The central role of gut microbiota in immunity and nutritional homeostasis is now acknowledged, albeit not fully understood. Gut microbiota composition imbalances have been found in malnourished children, which were not restored by nutritional interventions as currently conducted. Therefore, the necessity to design more complete nutritional interventions that include gut health has been advised by expert committees.

Prebiotics are compound that selectively enhance the growth of beneficial gut bacteria. They have been recommended and used in infant formula and weaning cereals resulting in gut microbiota resembling that of breastfed infants in formula fed infants in developed countries. A healthy gut microbiota was shown to be associated with enhanced growth patterns and decreased morbidity in children in developed countries. Evidence of such outcome is lacking in developing countries, yet such results would be particularly valuable for children from these settings, living in rather poor sanitary conditions in an environment characterized with high infectious disease load, conditions that mostly explain the high prevalence of chronic malnutrition. This study aims to assess the effect of a 6 months' supplementation with a lipid based nutrient supplement fortified with fructo-oligosaccharides and inulin on microbiota diversity and functionality in rural Burkinabe infants, and to explore its subsequent effects on linear growth velocity and morbidity.

Study Design

Study Type:
Interventional
Actual Enrollment :
153 participants
Allocation:
Randomized
Intervention Model:
Parallel Assignment
Masking:
Triple (Participant, Care Provider, Investigator)
Primary Purpose:
Prevention
Official Title:
Effect of Supplementation With LNS Fortified With a Mixture of FOS and Inulin on Gut Microbiota Diversity and Functionality and Its Repercussion on Growth and Morbidity During Infancy in Rural Burkina Faso
Study Start Date :
Mar 1, 2016
Actual Primary Completion Date :
Apr 24, 2018
Actual Study Completion Date :
Nov 1, 2019

Arms and Interventions

Arm Intervention/Treatment
Experimental: Fortified lipid based nutrient supplement

lipid based nutrient supplement (Nutributter) fortified with fructo-oligosaccharides and inulin

Dietary Supplement: Fortified lipid based nutrient supplement
6 months intervention: participant will take a daily dose of 20g supplement.
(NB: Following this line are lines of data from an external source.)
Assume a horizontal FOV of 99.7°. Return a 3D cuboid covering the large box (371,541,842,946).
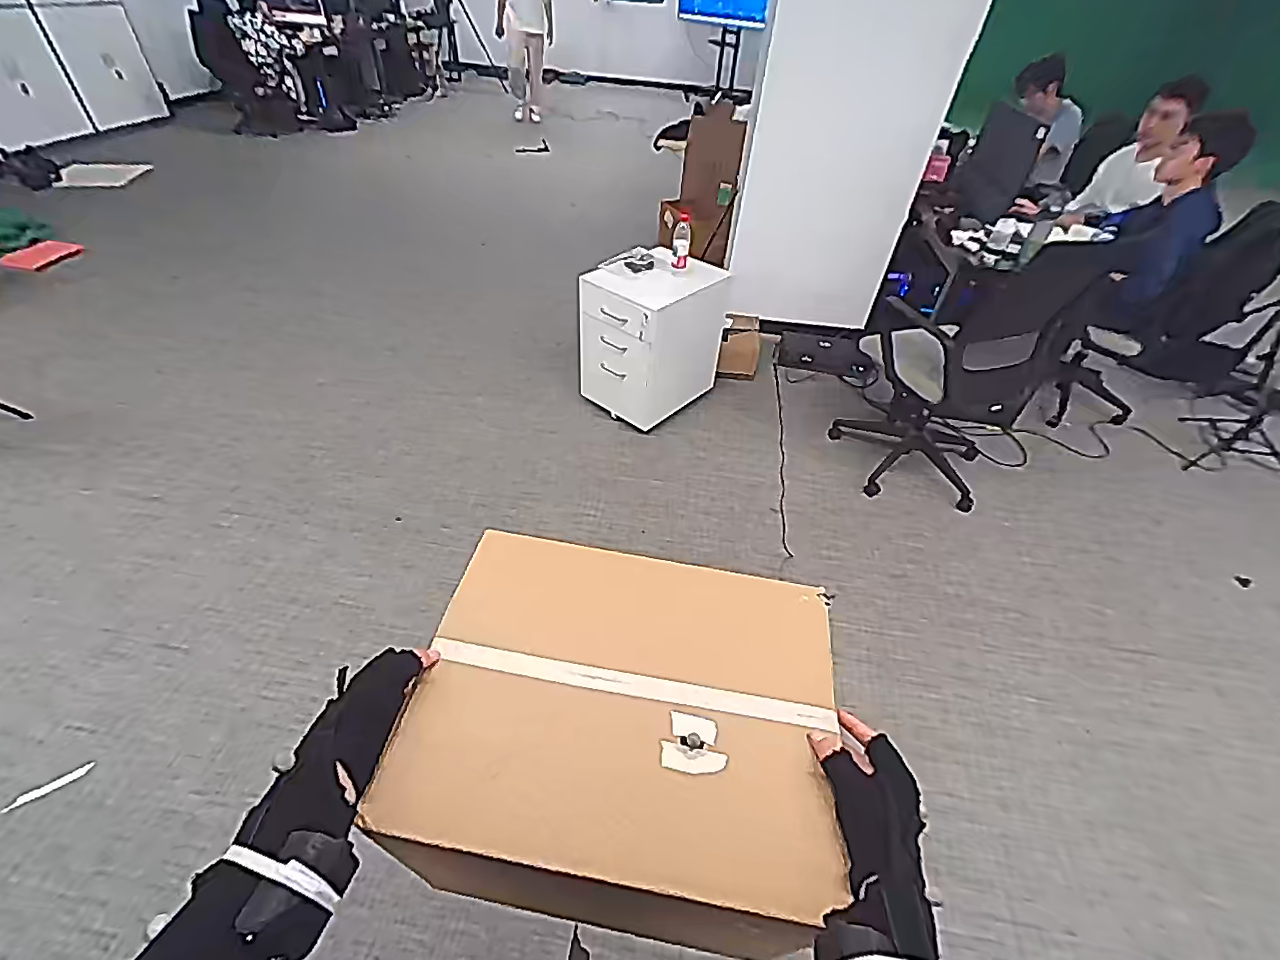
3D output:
[{"bbox_3d":[-0.023,0.314,0.650,0.408,0.320,0.320,10,47,3],"label":"large box"}]
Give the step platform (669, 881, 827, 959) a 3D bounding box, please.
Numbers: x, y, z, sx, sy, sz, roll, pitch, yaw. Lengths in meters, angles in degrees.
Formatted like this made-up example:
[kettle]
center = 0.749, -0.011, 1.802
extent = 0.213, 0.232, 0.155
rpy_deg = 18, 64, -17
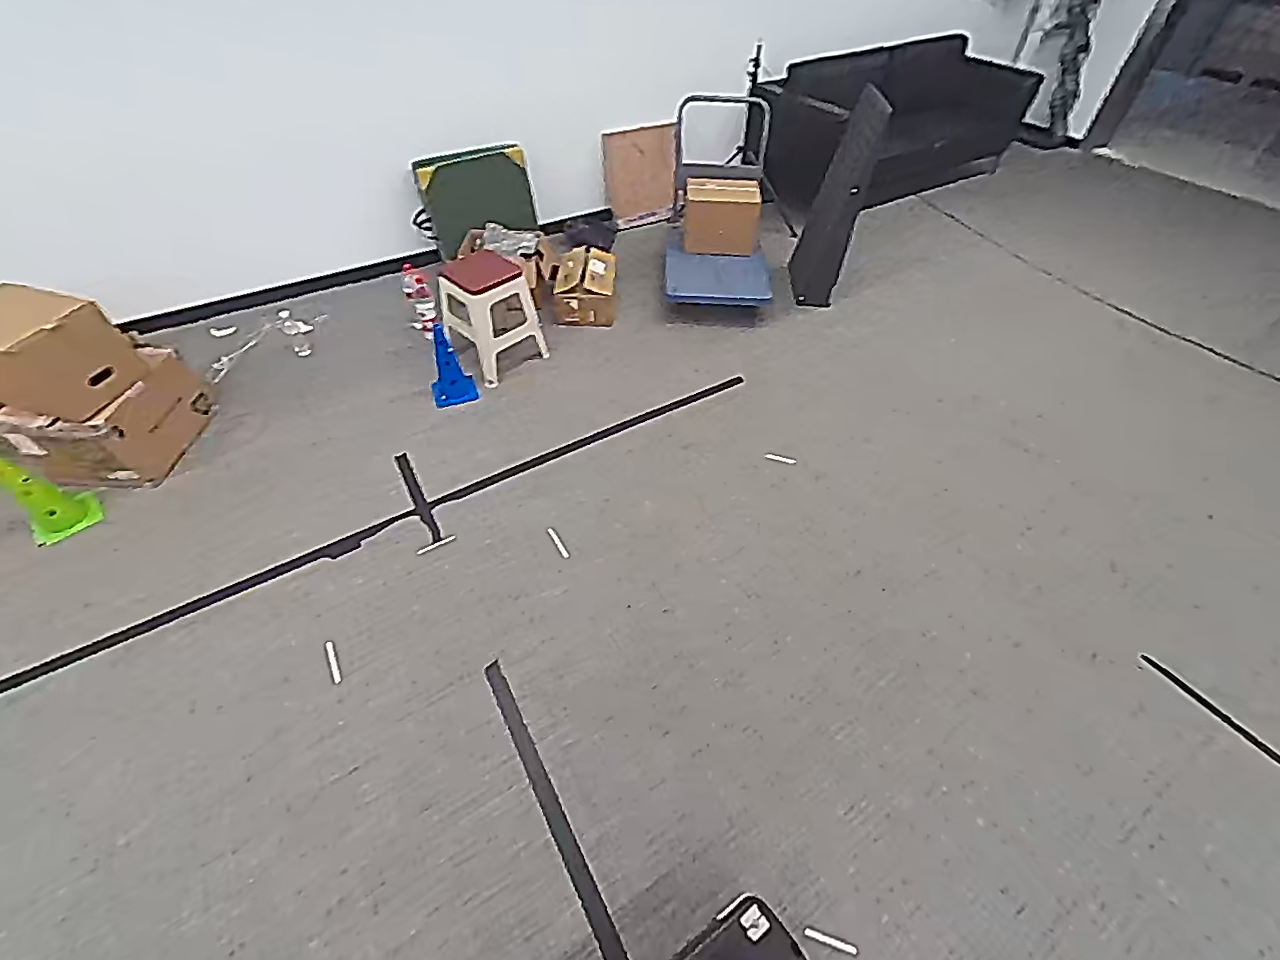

The product contains 3 g of a mixture (1:1) of inulin and fructan-oligosaccharide

Active Comparator: lipid based nutrient supplement

lipid based nutrient supplement (Nutributter)

Dietary Supplement: lipid based nutrient supplement
Dietary Supplement: lipid based nutrient supplement (Nutributter) 6 months intervention: participant will take a daily dose of 20g supplement.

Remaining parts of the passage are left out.